Le mépris du lien entre la toxicomanie et le contexte socio-économique de celle-ci est une autre conséquence de la position de monopole détenue par les psychiatres sur les soins aux toxicomanes. Le modèle clinique français a réduit en effet la toxicomanie à une problématique individuelle. Cette vision semblera sans aucun doute très étrange à un observateur des Pays-Bas où, depuis longtemps déjà, les sociologues se consacrent au problème de la drogue. Pourtant, la situation dans les quartiers défavorisés et les banlieues de villes comme Paris et Lille souligne très clairement le lien entre l'usage problématique de drogue et le contexte socio-économique. M. Godelle, directeur de l'organisation Itinéraires, active dans les quartiers défavorisés de Lille, a expliqué à quel point il lui avait été difficile de faire passer le message selon lequel l'accumulation de problématiques individuelles ne pouvait pas tout expliquer et que les toxicomanes n'avaient peut-être pas tous besoin d'un psychiatre.
Les modèles explicatifs utilisés en France pour comprendre le phénomène de la toxicomanie semblent généralement dépassés. Ce n'est pas sans raison que le rapport Henrion conclut en disant que le système est peu novateur et que si innovations il y a, celles-ci demeurent marginales et se réalisent très difficilement.[234] Apparemment, c'est toujours le modèle des années 70 qui prévaut, une époque à laquelle ce modèle pouvait peut-être expliquer -une partie du- phénomène.

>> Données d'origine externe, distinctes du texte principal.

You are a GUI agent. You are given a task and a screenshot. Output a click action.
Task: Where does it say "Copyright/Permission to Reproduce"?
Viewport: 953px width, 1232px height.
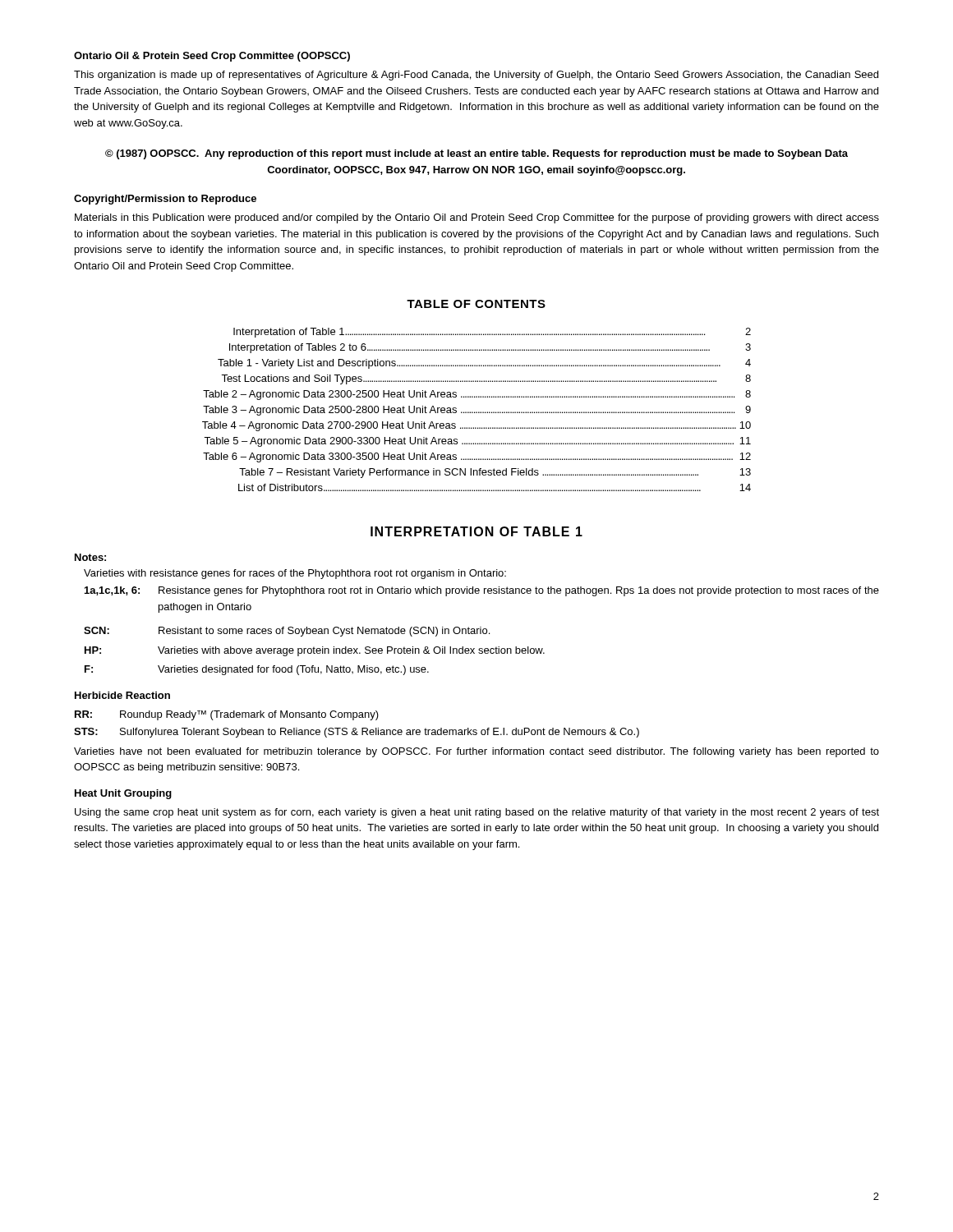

Le problème de la toxicomanie tel qu'il se présente aujourd'hui, dans les années quatre-vingt-dix, en France, a peu de rapports avec les troubles de la jeunesse, mais beaucoup plus avec le contexte socio-économique et la situation sans avenir dans laquelle grandissent beaucoup de jeunes. La misère sociale qui les entourent crée en quelque sorte un débouché potentiel pour un euphorisant comme l'héroïne.
Au cours de la présente décennie, les approches sociologiques du problème de la toxicomanie ont enfin reçu un accueil favorable en France. Dans cette optique, les instances responsables se sont finalement décidées à adopter une politique constituée de mesures préventives, notamment les programmes de substitution à la méthadone et l'échange de seringues. Officiellement, la France est passée à une politique de réduction des risques.